Goal of the exercise: From the records, report how many lines hold the word "boat", with the number as the sole reply.

:: Source information

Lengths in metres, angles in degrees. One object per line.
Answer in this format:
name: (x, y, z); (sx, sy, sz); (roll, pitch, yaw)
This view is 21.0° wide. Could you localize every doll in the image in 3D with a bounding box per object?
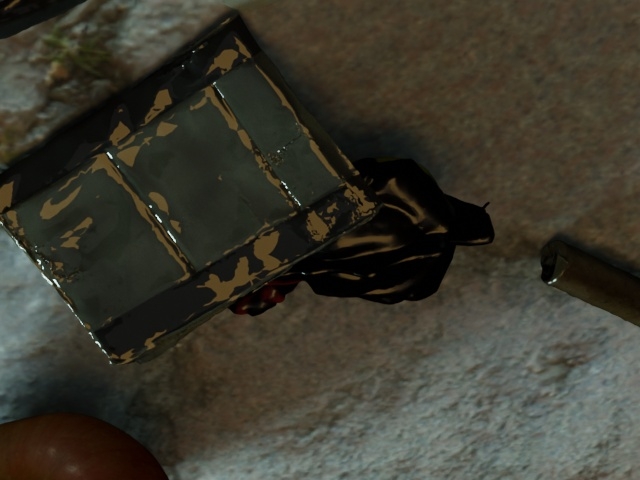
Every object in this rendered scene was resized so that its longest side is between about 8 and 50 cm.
doll: (0.000, -0.003, 1.239); (0.248, 0.088, 0.127); (-10, 159, 10)

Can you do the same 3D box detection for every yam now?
yam: (0.308, 0.068, 1.412); (0.327, 0.045, 0.045); (21, 105, -31)

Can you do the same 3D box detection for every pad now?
pad: (-0.098, -0.028, 1.181); (0.233, 0.022, 0.174); (-33, 107, 19)

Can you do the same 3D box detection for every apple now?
apple: (-0.212, 0.269, 1.358); (0.242, 0.242, 0.241); (-14, 144, 1)

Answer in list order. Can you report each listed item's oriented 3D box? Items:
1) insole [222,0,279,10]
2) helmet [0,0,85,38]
insole: (0.014, -0.205, 1.078); (0.197, 0.004, 0.065); (-33, 134, 20)
helmet: (-0.218, -0.184, 0.935); (0.253, 0.154, 0.198); (-33, -179, -30)
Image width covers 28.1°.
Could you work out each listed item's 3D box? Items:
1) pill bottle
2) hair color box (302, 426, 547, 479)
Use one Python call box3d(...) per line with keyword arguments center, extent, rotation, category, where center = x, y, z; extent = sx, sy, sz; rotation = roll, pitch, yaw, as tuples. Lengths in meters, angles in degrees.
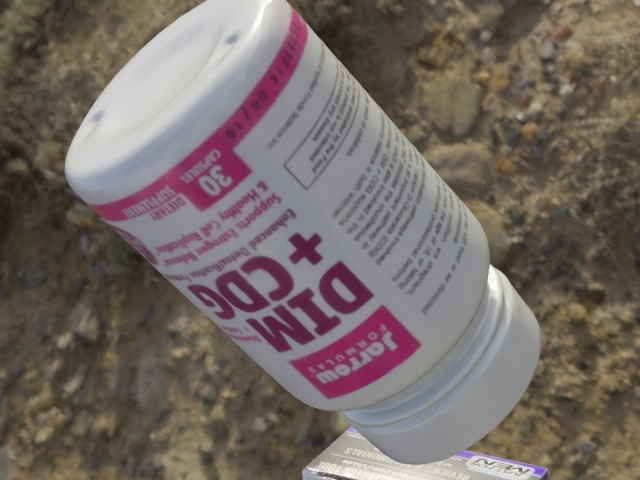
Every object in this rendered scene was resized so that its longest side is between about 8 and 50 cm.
box3d(center=(0.000, 0.000, 0.767), extent=(0.160, 0.283, 0.160), rotation=(-34, 28, 21), category="pill bottle")
box3d(center=(0.086, 0.346, 1.099), extent=(0.185, 0.110, 0.338), rotation=(9, 111, 25), category="hair color box")
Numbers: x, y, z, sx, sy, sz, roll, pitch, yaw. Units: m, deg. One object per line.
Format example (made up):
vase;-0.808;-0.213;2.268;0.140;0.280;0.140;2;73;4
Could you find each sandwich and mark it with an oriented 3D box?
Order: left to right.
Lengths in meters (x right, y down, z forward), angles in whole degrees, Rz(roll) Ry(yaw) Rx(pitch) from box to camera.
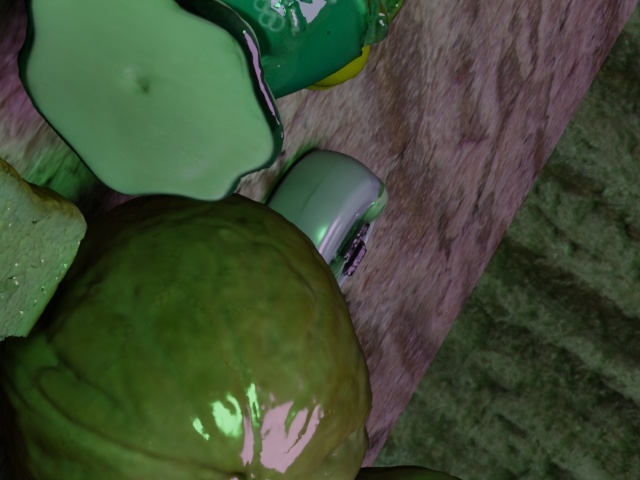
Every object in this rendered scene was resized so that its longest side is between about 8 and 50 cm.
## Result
sandwich;-0.273;0.064;1.272;0.273;0.095;0.249;-62;169;-3

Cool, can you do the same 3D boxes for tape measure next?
tape measure;-0.002;0.001;2.038;0.196;0.105;0.178;-59;164;-8

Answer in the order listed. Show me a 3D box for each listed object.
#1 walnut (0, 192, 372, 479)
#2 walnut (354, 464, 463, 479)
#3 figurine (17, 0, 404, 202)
walnut;-0.110;0.110;1.483;0.333;0.333;0.333;-55;163;-25
walnut;0.037;0.361;1.581;0.381;0.381;0.381;-55;163;-25
figurine;-0.054;-0.203;1.323;0.340;0.231;0.324;-57;140;-45
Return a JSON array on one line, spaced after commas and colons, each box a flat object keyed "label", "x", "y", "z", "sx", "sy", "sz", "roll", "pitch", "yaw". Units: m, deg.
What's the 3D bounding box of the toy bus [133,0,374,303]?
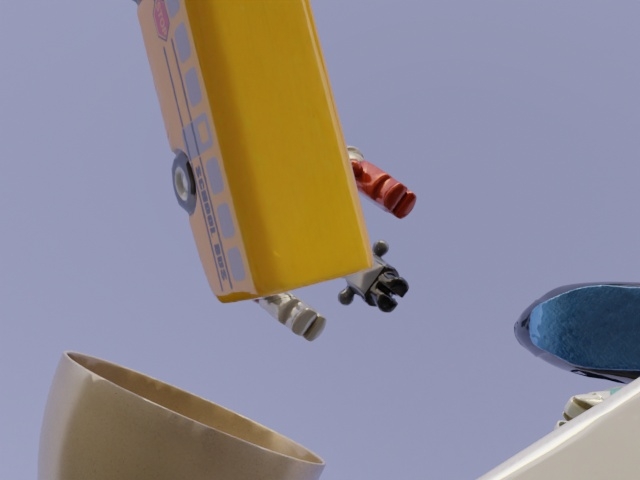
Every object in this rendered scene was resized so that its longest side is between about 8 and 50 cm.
[{"label": "toy bus", "x": -0.064, "y": -0.123, "z": 0.673, "sx": 0.108, "sy": 0.130, "sz": 0.333, "roll": -13, "pitch": -92, "yaw": -27}]

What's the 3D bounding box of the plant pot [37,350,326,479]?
[{"label": "plant pot", "x": -0.161, "y": 0.251, "z": 0.847, "sx": 0.284, "sy": 0.284, "sz": 0.191, "roll": 25, "pitch": -98, "yaw": -6}]

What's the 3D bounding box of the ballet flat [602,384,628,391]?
[{"label": "ballet flat", "x": 0.534, "y": 0.259, "z": 1.338, "sx": 0.348, "sy": 0.123, "sz": 0.123, "roll": -3, "pitch": -75, "yaw": -38}]

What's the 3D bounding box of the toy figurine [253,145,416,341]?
[{"label": "toy figurine", "x": 0.000, "y": 0.000, "z": 1.068, "sx": 0.213, "sy": 0.148, "sz": 0.209, "roll": -20, "pitch": -55, "yaw": -28}]

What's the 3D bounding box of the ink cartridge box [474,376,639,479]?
[{"label": "ink cartridge box", "x": 0.146, "y": 0.209, "z": 0.443, "sx": 0.285, "sy": 0.395, "sz": 0.166, "roll": -25, "pitch": -117, "yaw": -20}]

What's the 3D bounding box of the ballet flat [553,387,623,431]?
[{"label": "ballet flat", "x": 0.337, "y": 0.236, "z": 1.058, "sx": 0.087, "sy": 0.247, "sz": 0.083, "roll": 35, "pitch": -57, "yaw": 11}]

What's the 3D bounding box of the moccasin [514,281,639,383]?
[{"label": "moccasin", "x": 0.368, "y": 0.093, "z": 0.893, "sx": 0.342, "sy": 0.117, "sz": 0.138, "roll": 13, "pitch": -100, "yaw": -9}]
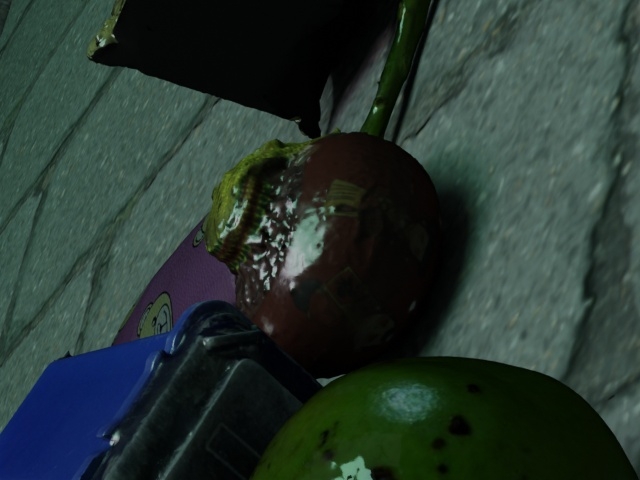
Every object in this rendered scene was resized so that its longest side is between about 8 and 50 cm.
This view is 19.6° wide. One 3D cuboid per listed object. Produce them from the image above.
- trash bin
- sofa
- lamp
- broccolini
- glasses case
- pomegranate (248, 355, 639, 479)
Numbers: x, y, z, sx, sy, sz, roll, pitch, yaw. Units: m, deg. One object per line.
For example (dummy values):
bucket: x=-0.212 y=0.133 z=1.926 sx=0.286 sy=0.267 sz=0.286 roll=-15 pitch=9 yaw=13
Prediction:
trash bin: x=-0.104 y=0.148 z=1.113 sx=0.234 sy=0.162 sz=0.184 roll=-7 pitch=44 yaw=55
sofa: x=-0.046 y=-0.234 z=1.411 sx=0.182 sy=0.200 sz=0.258 roll=-90 pitch=21 yaw=-50
lamp: x=-0.002 y=0.005 z=1.137 sx=0.156 sy=0.135 sz=0.157 roll=-66 pitch=20 yaw=3
broccolini: x=0.036 y=-0.097 z=1.287 sx=0.071 sy=0.057 sz=0.254 roll=7 pitch=73 yaw=26
glasses case: x=-0.094 y=0.057 z=1.417 sx=0.316 sy=0.076 sz=0.123 roll=-47 pitch=25 yaw=47
pomegranate: x=0.071 y=0.142 z=0.751 sx=0.225 sy=0.187 sz=0.187 roll=16 pitch=83 yaw=46
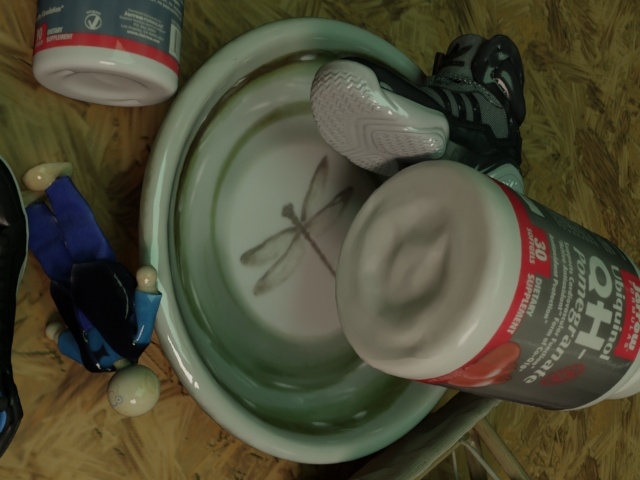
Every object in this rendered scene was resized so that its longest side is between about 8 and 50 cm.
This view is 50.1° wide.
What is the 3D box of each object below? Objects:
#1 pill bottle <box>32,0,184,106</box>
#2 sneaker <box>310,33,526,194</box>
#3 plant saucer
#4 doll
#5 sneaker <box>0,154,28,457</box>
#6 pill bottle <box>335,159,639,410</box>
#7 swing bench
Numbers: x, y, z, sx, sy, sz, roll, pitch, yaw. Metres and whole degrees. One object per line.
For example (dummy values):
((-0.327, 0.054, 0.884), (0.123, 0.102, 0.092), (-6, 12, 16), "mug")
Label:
((-0.160, -0.204, 0.531), (0.108, 0.108, 0.180), (7, 83, -39), "pill bottle")
((0.100, -0.130, 0.619), (0.269, 0.101, 0.152), (24, 72, -42), "sneaker")
((0.000, 0.000, 0.654), (0.401, 0.101, 0.399), (2, 86, -38), "plant saucer")
((-0.170, 0.042, 0.504), (0.188, 0.129, 0.046), (60, 30, 7), "doll")
((-0.216, 0.052, 0.430), (0.079, 0.121, 0.216), (4, 101, -39), "sneaker")
((0.183, 0.059, 0.623), (0.319, 0.176, 0.176), (19, 76, -37), "pill bottle")
((0.122, 0.306, 0.684), (0.253, 0.165, 0.254), (-22, 87, -41), "swing bench")
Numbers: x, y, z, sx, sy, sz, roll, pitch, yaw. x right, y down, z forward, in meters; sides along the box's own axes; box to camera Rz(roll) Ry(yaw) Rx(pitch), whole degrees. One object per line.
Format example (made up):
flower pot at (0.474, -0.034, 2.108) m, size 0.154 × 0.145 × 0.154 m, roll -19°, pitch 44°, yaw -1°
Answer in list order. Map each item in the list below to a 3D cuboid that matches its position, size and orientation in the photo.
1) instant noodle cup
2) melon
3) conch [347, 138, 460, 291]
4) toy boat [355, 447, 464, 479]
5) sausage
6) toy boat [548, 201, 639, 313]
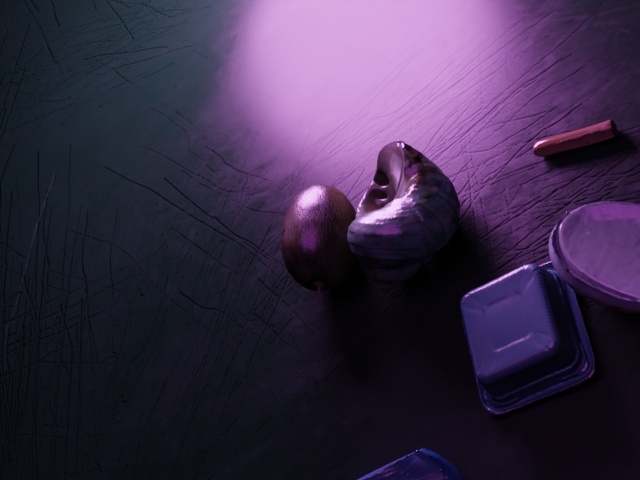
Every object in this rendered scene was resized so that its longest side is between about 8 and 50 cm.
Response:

::::

Exercise response: 2